No filme “V de Vingança”, baseado nos quadrinhos de Alan Moore,
a sociedade ali retratada vive sob o domínio de um governo tirânico que, em
nome da “moral”, diz o que deve ser lido, assistido, informado e até a quem se
deve amar. O protagonista, um homem mascarado de codinome V, antes de praticar
uma série de atentados contra o governo ditatorial, leva uma jovem, Evie, até
uma galeria subterrânea onde estão inúmeras obras de arte, esculturas,
pinturas, vinis, filmes e livros que escaparam de serem incineradas pela
censura do governo. Lá, empilhadas, está toda a cultura do mundo, que não pode
ser usufruída pela população por conter ideias “obscenas”, “subversivas” e “imorais”.
Saindo um pouco da ficção e entrando na realidade, a
História está pontuada de casos semelhantes: a Inquisição, o Nazismo e o
Comunismo já construíram fogueiras para destruir obras de arte que acreditavam
ser “impróprias” para o público que subjugavam. Artistas foram presos,
torturados e mortos devido ao que faziam. Ainda hoje há objetos de valores
inestimáveis desaparecidos. No Brasil, até onde se sabe, nunca se queimou nada;
entretanto, principalmente durante a ditadura militar, músicos, escritores e
jornalistas sofreram com a censura imposta pelo governo. Quase todos foram
exilados. E, passados mais de vinte e cinco anos do fim do governo dos
generais, o fantasma da censura volta a assombrar, e agora o seu alvo é um dos
autores mais queridos da Literatura Infantil brasileira.
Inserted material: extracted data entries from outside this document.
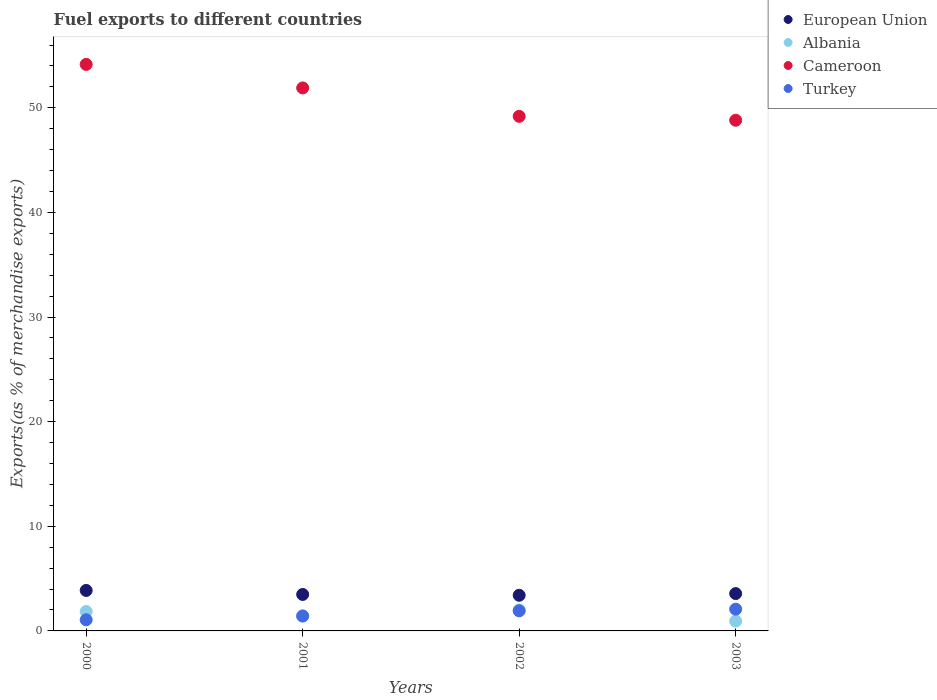Is the number of dotlines equal to the number of legend labels?
Offer a terse response. Yes. What is the percentage of exports to different countries in Albania in 2003?
Offer a very short reply. 0.94. Across all years, what is the maximum percentage of exports to different countries in European Union?
Give a very brief answer. 3.87. Across all years, what is the minimum percentage of exports to different countries in Albania?
Your answer should be compact. 0.94. What is the total percentage of exports to different countries in Cameroon in the graph?
Offer a terse response. 204.05. What is the difference between the percentage of exports to different countries in European Union in 2001 and that in 2002?
Your answer should be compact. 0.08. What is the difference between the percentage of exports to different countries in Cameroon in 2001 and the percentage of exports to different countries in Albania in 2000?
Provide a short and direct response. 50.05. What is the average percentage of exports to different countries in Turkey per year?
Make the answer very short. 1.62. In the year 2002, what is the difference between the percentage of exports to different countries in European Union and percentage of exports to different countries in Turkey?
Provide a short and direct response. 1.49. In how many years, is the percentage of exports to different countries in Cameroon greater than 14 %?
Offer a terse response. 4. What is the ratio of the percentage of exports to different countries in Turkey in 2000 to that in 2003?
Your answer should be compact. 0.51. Is the percentage of exports to different countries in Albania in 2000 less than that in 2002?
Ensure brevity in your answer.  Yes. Is the difference between the percentage of exports to different countries in European Union in 2000 and 2002 greater than the difference between the percentage of exports to different countries in Turkey in 2000 and 2002?
Your response must be concise. Yes. What is the difference between the highest and the second highest percentage of exports to different countries in European Union?
Make the answer very short. 0.3. What is the difference between the highest and the lowest percentage of exports to different countries in Albania?
Provide a succinct answer. 1.07. Is the sum of the percentage of exports to different countries in European Union in 2000 and 2001 greater than the maximum percentage of exports to different countries in Albania across all years?
Offer a very short reply. Yes. Is it the case that in every year, the sum of the percentage of exports to different countries in Albania and percentage of exports to different countries in Turkey  is greater than the sum of percentage of exports to different countries in European Union and percentage of exports to different countries in Cameroon?
Give a very brief answer. No. Is it the case that in every year, the sum of the percentage of exports to different countries in Albania and percentage of exports to different countries in European Union  is greater than the percentage of exports to different countries in Cameroon?
Keep it short and to the point. No. How many years are there in the graph?
Give a very brief answer. 4. What is the difference between two consecutive major ticks on the Y-axis?
Your answer should be compact. 10. Are the values on the major ticks of Y-axis written in scientific E-notation?
Your answer should be very brief. No. How many legend labels are there?
Your response must be concise. 4. How are the legend labels stacked?
Your response must be concise. Vertical. What is the title of the graph?
Ensure brevity in your answer.  Fuel exports to different countries. Does "Denmark" appear as one of the legend labels in the graph?
Make the answer very short. No. What is the label or title of the Y-axis?
Your answer should be very brief. Exports(as % of merchandise exports). What is the Exports(as % of merchandise exports) in European Union in 2000?
Your response must be concise. 3.87. What is the Exports(as % of merchandise exports) in Albania in 2000?
Ensure brevity in your answer.  1.85. What is the Exports(as % of merchandise exports) in Cameroon in 2000?
Offer a very short reply. 54.15. What is the Exports(as % of merchandise exports) of Turkey in 2000?
Your answer should be compact. 1.06. What is the Exports(as % of merchandise exports) in European Union in 2001?
Keep it short and to the point. 3.49. What is the Exports(as % of merchandise exports) in Albania in 2001?
Your answer should be compact. 1.45. What is the Exports(as % of merchandise exports) of Cameroon in 2001?
Ensure brevity in your answer.  51.9. What is the Exports(as % of merchandise exports) of Turkey in 2001?
Your answer should be compact. 1.42. What is the Exports(as % of merchandise exports) in European Union in 2002?
Make the answer very short. 3.41. What is the Exports(as % of merchandise exports) in Albania in 2002?
Give a very brief answer. 2.01. What is the Exports(as % of merchandise exports) in Cameroon in 2002?
Provide a short and direct response. 49.19. What is the Exports(as % of merchandise exports) in Turkey in 2002?
Ensure brevity in your answer.  1.92. What is the Exports(as % of merchandise exports) in European Union in 2003?
Your response must be concise. 3.57. What is the Exports(as % of merchandise exports) in Albania in 2003?
Your answer should be very brief. 0.94. What is the Exports(as % of merchandise exports) in Cameroon in 2003?
Make the answer very short. 48.81. What is the Exports(as % of merchandise exports) in Turkey in 2003?
Offer a terse response. 2.08. Across all years, what is the maximum Exports(as % of merchandise exports) of European Union?
Make the answer very short. 3.87. Across all years, what is the maximum Exports(as % of merchandise exports) of Albania?
Your answer should be compact. 2.01. Across all years, what is the maximum Exports(as % of merchandise exports) of Cameroon?
Offer a very short reply. 54.15. Across all years, what is the maximum Exports(as % of merchandise exports) in Turkey?
Your response must be concise. 2.08. Across all years, what is the minimum Exports(as % of merchandise exports) of European Union?
Offer a terse response. 3.41. Across all years, what is the minimum Exports(as % of merchandise exports) of Albania?
Ensure brevity in your answer.  0.94. Across all years, what is the minimum Exports(as % of merchandise exports) in Cameroon?
Provide a short and direct response. 48.81. Across all years, what is the minimum Exports(as % of merchandise exports) in Turkey?
Offer a terse response. 1.06. What is the total Exports(as % of merchandise exports) of European Union in the graph?
Keep it short and to the point. 14.33. What is the total Exports(as % of merchandise exports) in Albania in the graph?
Keep it short and to the point. 6.25. What is the total Exports(as % of merchandise exports) of Cameroon in the graph?
Give a very brief answer. 204.05. What is the total Exports(as % of merchandise exports) in Turkey in the graph?
Your answer should be very brief. 6.48. What is the difference between the Exports(as % of merchandise exports) in European Union in 2000 and that in 2001?
Offer a very short reply. 0.38. What is the difference between the Exports(as % of merchandise exports) of Albania in 2000 and that in 2001?
Keep it short and to the point. 0.4. What is the difference between the Exports(as % of merchandise exports) of Cameroon in 2000 and that in 2001?
Make the answer very short. 2.25. What is the difference between the Exports(as % of merchandise exports) in Turkey in 2000 and that in 2001?
Keep it short and to the point. -0.36. What is the difference between the Exports(as % of merchandise exports) in European Union in 2000 and that in 2002?
Your response must be concise. 0.46. What is the difference between the Exports(as % of merchandise exports) in Albania in 2000 and that in 2002?
Ensure brevity in your answer.  -0.16. What is the difference between the Exports(as % of merchandise exports) in Cameroon in 2000 and that in 2002?
Provide a succinct answer. 4.96. What is the difference between the Exports(as % of merchandise exports) of Turkey in 2000 and that in 2002?
Make the answer very short. -0.86. What is the difference between the Exports(as % of merchandise exports) in European Union in 2000 and that in 2003?
Give a very brief answer. 0.3. What is the difference between the Exports(as % of merchandise exports) of Albania in 2000 and that in 2003?
Offer a very short reply. 0.91. What is the difference between the Exports(as % of merchandise exports) in Cameroon in 2000 and that in 2003?
Your answer should be very brief. 5.34. What is the difference between the Exports(as % of merchandise exports) of Turkey in 2000 and that in 2003?
Offer a terse response. -1.02. What is the difference between the Exports(as % of merchandise exports) in European Union in 2001 and that in 2002?
Your answer should be compact. 0.08. What is the difference between the Exports(as % of merchandise exports) in Albania in 2001 and that in 2002?
Keep it short and to the point. -0.56. What is the difference between the Exports(as % of merchandise exports) in Cameroon in 2001 and that in 2002?
Your answer should be very brief. 2.72. What is the difference between the Exports(as % of merchandise exports) of Turkey in 2001 and that in 2002?
Offer a very short reply. -0.5. What is the difference between the Exports(as % of merchandise exports) of European Union in 2001 and that in 2003?
Provide a succinct answer. -0.08. What is the difference between the Exports(as % of merchandise exports) of Albania in 2001 and that in 2003?
Offer a terse response. 0.51. What is the difference between the Exports(as % of merchandise exports) in Cameroon in 2001 and that in 2003?
Your response must be concise. 3.09. What is the difference between the Exports(as % of merchandise exports) of Turkey in 2001 and that in 2003?
Offer a very short reply. -0.66. What is the difference between the Exports(as % of merchandise exports) in European Union in 2002 and that in 2003?
Your answer should be compact. -0.16. What is the difference between the Exports(as % of merchandise exports) of Albania in 2002 and that in 2003?
Give a very brief answer. 1.07. What is the difference between the Exports(as % of merchandise exports) of Cameroon in 2002 and that in 2003?
Offer a very short reply. 0.37. What is the difference between the Exports(as % of merchandise exports) of Turkey in 2002 and that in 2003?
Your answer should be compact. -0.16. What is the difference between the Exports(as % of merchandise exports) in European Union in 2000 and the Exports(as % of merchandise exports) in Albania in 2001?
Make the answer very short. 2.42. What is the difference between the Exports(as % of merchandise exports) in European Union in 2000 and the Exports(as % of merchandise exports) in Cameroon in 2001?
Your response must be concise. -48.03. What is the difference between the Exports(as % of merchandise exports) in European Union in 2000 and the Exports(as % of merchandise exports) in Turkey in 2001?
Your answer should be compact. 2.45. What is the difference between the Exports(as % of merchandise exports) of Albania in 2000 and the Exports(as % of merchandise exports) of Cameroon in 2001?
Offer a terse response. -50.05. What is the difference between the Exports(as % of merchandise exports) of Albania in 2000 and the Exports(as % of merchandise exports) of Turkey in 2001?
Your response must be concise. 0.43. What is the difference between the Exports(as % of merchandise exports) in Cameroon in 2000 and the Exports(as % of merchandise exports) in Turkey in 2001?
Keep it short and to the point. 52.73. What is the difference between the Exports(as % of merchandise exports) in European Union in 2000 and the Exports(as % of merchandise exports) in Albania in 2002?
Offer a terse response. 1.86. What is the difference between the Exports(as % of merchandise exports) in European Union in 2000 and the Exports(as % of merchandise exports) in Cameroon in 2002?
Your answer should be compact. -45.32. What is the difference between the Exports(as % of merchandise exports) in European Union in 2000 and the Exports(as % of merchandise exports) in Turkey in 2002?
Your answer should be very brief. 1.95. What is the difference between the Exports(as % of merchandise exports) of Albania in 2000 and the Exports(as % of merchandise exports) of Cameroon in 2002?
Make the answer very short. -47.34. What is the difference between the Exports(as % of merchandise exports) in Albania in 2000 and the Exports(as % of merchandise exports) in Turkey in 2002?
Provide a succinct answer. -0.07. What is the difference between the Exports(as % of merchandise exports) of Cameroon in 2000 and the Exports(as % of merchandise exports) of Turkey in 2002?
Keep it short and to the point. 52.23. What is the difference between the Exports(as % of merchandise exports) of European Union in 2000 and the Exports(as % of merchandise exports) of Albania in 2003?
Offer a very short reply. 2.93. What is the difference between the Exports(as % of merchandise exports) of European Union in 2000 and the Exports(as % of merchandise exports) of Cameroon in 2003?
Keep it short and to the point. -44.94. What is the difference between the Exports(as % of merchandise exports) in European Union in 2000 and the Exports(as % of merchandise exports) in Turkey in 2003?
Your response must be concise. 1.79. What is the difference between the Exports(as % of merchandise exports) in Albania in 2000 and the Exports(as % of merchandise exports) in Cameroon in 2003?
Provide a short and direct response. -46.96. What is the difference between the Exports(as % of merchandise exports) in Albania in 2000 and the Exports(as % of merchandise exports) in Turkey in 2003?
Your response must be concise. -0.23. What is the difference between the Exports(as % of merchandise exports) in Cameroon in 2000 and the Exports(as % of merchandise exports) in Turkey in 2003?
Offer a terse response. 52.07. What is the difference between the Exports(as % of merchandise exports) in European Union in 2001 and the Exports(as % of merchandise exports) in Albania in 2002?
Your answer should be very brief. 1.48. What is the difference between the Exports(as % of merchandise exports) of European Union in 2001 and the Exports(as % of merchandise exports) of Cameroon in 2002?
Give a very brief answer. -45.7. What is the difference between the Exports(as % of merchandise exports) of European Union in 2001 and the Exports(as % of merchandise exports) of Turkey in 2002?
Your answer should be compact. 1.56. What is the difference between the Exports(as % of merchandise exports) of Albania in 2001 and the Exports(as % of merchandise exports) of Cameroon in 2002?
Offer a terse response. -47.74. What is the difference between the Exports(as % of merchandise exports) of Albania in 2001 and the Exports(as % of merchandise exports) of Turkey in 2002?
Your answer should be very brief. -0.47. What is the difference between the Exports(as % of merchandise exports) of Cameroon in 2001 and the Exports(as % of merchandise exports) of Turkey in 2002?
Your answer should be compact. 49.98. What is the difference between the Exports(as % of merchandise exports) in European Union in 2001 and the Exports(as % of merchandise exports) in Albania in 2003?
Keep it short and to the point. 2.55. What is the difference between the Exports(as % of merchandise exports) of European Union in 2001 and the Exports(as % of merchandise exports) of Cameroon in 2003?
Ensure brevity in your answer.  -45.33. What is the difference between the Exports(as % of merchandise exports) in European Union in 2001 and the Exports(as % of merchandise exports) in Turkey in 2003?
Your answer should be very brief. 1.41. What is the difference between the Exports(as % of merchandise exports) in Albania in 2001 and the Exports(as % of merchandise exports) in Cameroon in 2003?
Make the answer very short. -47.36. What is the difference between the Exports(as % of merchandise exports) in Albania in 2001 and the Exports(as % of merchandise exports) in Turkey in 2003?
Keep it short and to the point. -0.63. What is the difference between the Exports(as % of merchandise exports) in Cameroon in 2001 and the Exports(as % of merchandise exports) in Turkey in 2003?
Make the answer very short. 49.82. What is the difference between the Exports(as % of merchandise exports) of European Union in 2002 and the Exports(as % of merchandise exports) of Albania in 2003?
Your answer should be compact. 2.47. What is the difference between the Exports(as % of merchandise exports) of European Union in 2002 and the Exports(as % of merchandise exports) of Cameroon in 2003?
Give a very brief answer. -45.41. What is the difference between the Exports(as % of merchandise exports) in European Union in 2002 and the Exports(as % of merchandise exports) in Turkey in 2003?
Ensure brevity in your answer.  1.33. What is the difference between the Exports(as % of merchandise exports) in Albania in 2002 and the Exports(as % of merchandise exports) in Cameroon in 2003?
Make the answer very short. -46.8. What is the difference between the Exports(as % of merchandise exports) in Albania in 2002 and the Exports(as % of merchandise exports) in Turkey in 2003?
Your answer should be compact. -0.07. What is the difference between the Exports(as % of merchandise exports) of Cameroon in 2002 and the Exports(as % of merchandise exports) of Turkey in 2003?
Your answer should be compact. 47.11. What is the average Exports(as % of merchandise exports) of European Union per year?
Ensure brevity in your answer.  3.58. What is the average Exports(as % of merchandise exports) in Albania per year?
Your answer should be compact. 1.56. What is the average Exports(as % of merchandise exports) in Cameroon per year?
Your answer should be compact. 51.01. What is the average Exports(as % of merchandise exports) of Turkey per year?
Offer a terse response. 1.62. In the year 2000, what is the difference between the Exports(as % of merchandise exports) of European Union and Exports(as % of merchandise exports) of Albania?
Give a very brief answer. 2.02. In the year 2000, what is the difference between the Exports(as % of merchandise exports) in European Union and Exports(as % of merchandise exports) in Cameroon?
Your answer should be compact. -50.28. In the year 2000, what is the difference between the Exports(as % of merchandise exports) of European Union and Exports(as % of merchandise exports) of Turkey?
Give a very brief answer. 2.81. In the year 2000, what is the difference between the Exports(as % of merchandise exports) in Albania and Exports(as % of merchandise exports) in Cameroon?
Offer a very short reply. -52.3. In the year 2000, what is the difference between the Exports(as % of merchandise exports) in Albania and Exports(as % of merchandise exports) in Turkey?
Your answer should be very brief. 0.79. In the year 2000, what is the difference between the Exports(as % of merchandise exports) of Cameroon and Exports(as % of merchandise exports) of Turkey?
Keep it short and to the point. 53.09. In the year 2001, what is the difference between the Exports(as % of merchandise exports) of European Union and Exports(as % of merchandise exports) of Albania?
Offer a very short reply. 2.04. In the year 2001, what is the difference between the Exports(as % of merchandise exports) of European Union and Exports(as % of merchandise exports) of Cameroon?
Provide a short and direct response. -48.42. In the year 2001, what is the difference between the Exports(as % of merchandise exports) in European Union and Exports(as % of merchandise exports) in Turkey?
Offer a very short reply. 2.07. In the year 2001, what is the difference between the Exports(as % of merchandise exports) in Albania and Exports(as % of merchandise exports) in Cameroon?
Your answer should be compact. -50.45. In the year 2001, what is the difference between the Exports(as % of merchandise exports) of Albania and Exports(as % of merchandise exports) of Turkey?
Offer a very short reply. 0.03. In the year 2001, what is the difference between the Exports(as % of merchandise exports) in Cameroon and Exports(as % of merchandise exports) in Turkey?
Give a very brief answer. 50.48. In the year 2002, what is the difference between the Exports(as % of merchandise exports) in European Union and Exports(as % of merchandise exports) in Albania?
Provide a short and direct response. 1.4. In the year 2002, what is the difference between the Exports(as % of merchandise exports) of European Union and Exports(as % of merchandise exports) of Cameroon?
Keep it short and to the point. -45.78. In the year 2002, what is the difference between the Exports(as % of merchandise exports) in European Union and Exports(as % of merchandise exports) in Turkey?
Your response must be concise. 1.49. In the year 2002, what is the difference between the Exports(as % of merchandise exports) of Albania and Exports(as % of merchandise exports) of Cameroon?
Make the answer very short. -47.18. In the year 2002, what is the difference between the Exports(as % of merchandise exports) in Albania and Exports(as % of merchandise exports) in Turkey?
Keep it short and to the point. 0.09. In the year 2002, what is the difference between the Exports(as % of merchandise exports) of Cameroon and Exports(as % of merchandise exports) of Turkey?
Provide a short and direct response. 47.27. In the year 2003, what is the difference between the Exports(as % of merchandise exports) of European Union and Exports(as % of merchandise exports) of Albania?
Ensure brevity in your answer.  2.63. In the year 2003, what is the difference between the Exports(as % of merchandise exports) of European Union and Exports(as % of merchandise exports) of Cameroon?
Make the answer very short. -45.24. In the year 2003, what is the difference between the Exports(as % of merchandise exports) of European Union and Exports(as % of merchandise exports) of Turkey?
Provide a short and direct response. 1.49. In the year 2003, what is the difference between the Exports(as % of merchandise exports) in Albania and Exports(as % of merchandise exports) in Cameroon?
Your answer should be very brief. -47.87. In the year 2003, what is the difference between the Exports(as % of merchandise exports) in Albania and Exports(as % of merchandise exports) in Turkey?
Provide a short and direct response. -1.14. In the year 2003, what is the difference between the Exports(as % of merchandise exports) in Cameroon and Exports(as % of merchandise exports) in Turkey?
Offer a terse response. 46.73. What is the ratio of the Exports(as % of merchandise exports) of European Union in 2000 to that in 2001?
Your answer should be compact. 1.11. What is the ratio of the Exports(as % of merchandise exports) in Albania in 2000 to that in 2001?
Give a very brief answer. 1.28. What is the ratio of the Exports(as % of merchandise exports) in Cameroon in 2000 to that in 2001?
Your answer should be very brief. 1.04. What is the ratio of the Exports(as % of merchandise exports) of Turkey in 2000 to that in 2001?
Your answer should be very brief. 0.75. What is the ratio of the Exports(as % of merchandise exports) in European Union in 2000 to that in 2002?
Your answer should be very brief. 1.14. What is the ratio of the Exports(as % of merchandise exports) of Albania in 2000 to that in 2002?
Keep it short and to the point. 0.92. What is the ratio of the Exports(as % of merchandise exports) of Cameroon in 2000 to that in 2002?
Provide a short and direct response. 1.1. What is the ratio of the Exports(as % of merchandise exports) of Turkey in 2000 to that in 2002?
Give a very brief answer. 0.55. What is the ratio of the Exports(as % of merchandise exports) of European Union in 2000 to that in 2003?
Provide a short and direct response. 1.08. What is the ratio of the Exports(as % of merchandise exports) in Albania in 2000 to that in 2003?
Your answer should be very brief. 1.97. What is the ratio of the Exports(as % of merchandise exports) of Cameroon in 2000 to that in 2003?
Your response must be concise. 1.11. What is the ratio of the Exports(as % of merchandise exports) of Turkey in 2000 to that in 2003?
Offer a very short reply. 0.51. What is the ratio of the Exports(as % of merchandise exports) of European Union in 2001 to that in 2002?
Your answer should be compact. 1.02. What is the ratio of the Exports(as % of merchandise exports) of Albania in 2001 to that in 2002?
Offer a terse response. 0.72. What is the ratio of the Exports(as % of merchandise exports) of Cameroon in 2001 to that in 2002?
Your answer should be very brief. 1.06. What is the ratio of the Exports(as % of merchandise exports) in Turkey in 2001 to that in 2002?
Ensure brevity in your answer.  0.74. What is the ratio of the Exports(as % of merchandise exports) of European Union in 2001 to that in 2003?
Give a very brief answer. 0.98. What is the ratio of the Exports(as % of merchandise exports) of Albania in 2001 to that in 2003?
Your answer should be very brief. 1.54. What is the ratio of the Exports(as % of merchandise exports) in Cameroon in 2001 to that in 2003?
Offer a terse response. 1.06. What is the ratio of the Exports(as % of merchandise exports) of Turkey in 2001 to that in 2003?
Offer a very short reply. 0.68. What is the ratio of the Exports(as % of merchandise exports) of European Union in 2002 to that in 2003?
Provide a succinct answer. 0.95. What is the ratio of the Exports(as % of merchandise exports) of Albania in 2002 to that in 2003?
Your answer should be compact. 2.14. What is the ratio of the Exports(as % of merchandise exports) in Cameroon in 2002 to that in 2003?
Ensure brevity in your answer.  1.01. What is the ratio of the Exports(as % of merchandise exports) in Turkey in 2002 to that in 2003?
Your answer should be very brief. 0.92. What is the difference between the highest and the second highest Exports(as % of merchandise exports) of European Union?
Provide a short and direct response. 0.3. What is the difference between the highest and the second highest Exports(as % of merchandise exports) in Albania?
Give a very brief answer. 0.16. What is the difference between the highest and the second highest Exports(as % of merchandise exports) of Cameroon?
Ensure brevity in your answer.  2.25. What is the difference between the highest and the second highest Exports(as % of merchandise exports) of Turkey?
Provide a succinct answer. 0.16. What is the difference between the highest and the lowest Exports(as % of merchandise exports) in European Union?
Provide a succinct answer. 0.46. What is the difference between the highest and the lowest Exports(as % of merchandise exports) of Albania?
Ensure brevity in your answer.  1.07. What is the difference between the highest and the lowest Exports(as % of merchandise exports) in Cameroon?
Offer a terse response. 5.34. What is the difference between the highest and the lowest Exports(as % of merchandise exports) in Turkey?
Keep it short and to the point. 1.02.

Monteiro Lobato criou o Sítio do Pica Pau Amarelo durante a
Primeira República, quando o Brasil ainda construía uma imagem desvinculada da
de Dom Pedro II. Ambientada na zona rural, conta as aventuras dos netos de Dona
Benta, Pedrinho e Narizinho, no sítio em questão, sempre acompanhados da boneca
falante Emília e o sabugo de milho ambulante e muito sábio Visconde De
Sabugosa. “Caçadas de Pedrinho”,
publicado em 1933, tem como principal ação as peripécias das crianças atrás de
uma onça-pintada. Até aí, nada demais. O problema é que, segundo o Instituto de
Advocacia Racial (IARA), a obra de Monteiro Lobato é “racista”, devido a
personagem Tia Nastácia (que na história é empregada de Dona Benta). E sob tal
alegação, o IARA entrou com uma petição no Supremo Tribunal Federal (STF)
pedindo que a obra de Lobato seja banida das escolas.
Tal discussão parece tão inacreditável quanto a lenda da
Iara; observando-se o contexto histórico da obra (década de 1930), não é
difícil averiguar que, àquela época, a população negra ainda lutava por seus
direitos, e claro, contra os preconceitos de uma sociedade que não fazia muito
tempo, os oprimia. É impossível para qualquer escritor não se valer da
realidade para escrever seus romances, pois o papel da Literatura é justamente
esse, ser o retrato de uma época, de um povo, de seus costumes, de seus erros e
de seus acertos. Dizer que a obra de Lobato é racista é negar a luta dos negros
por igualdade num período em que a “liberdade” era restrita. Pedir que a obra
seja banida porque “não há como se alegar liberdade de expressão em relação
ao tema quando da leitura se faz referências ao negro com estereótipos
fortemente carregados de elementos racistas” soa a hipocrisia. Cabe aos
professores fazer a distinção entre o passado e o presente, é para isso que
existe a escola.
Em síntese, impedir que
crianças tenham acesso a um autor clássico como Monteiro Lobato é menosprezar a
inteligência e restringir o imaginário delas. Banir “Caçadas de Pedrinho” da
rede pública de ensino é uma ação por si só preconceituosa, e abre caminho para
que outras obras literárias também sejam banidas pelos mesmos, ou outros,
motivos. Não vai demorar muito para Alan Moore e sua galeria subterrânea se
tornarem obsoletos, dando espaço para George Orwell e seu Grande Irmão. Só
resta finalizar com o seguinte pensamento: a malícia, realmente, é inimiga do
discernimento – e quem sai perdendo com isso é a população.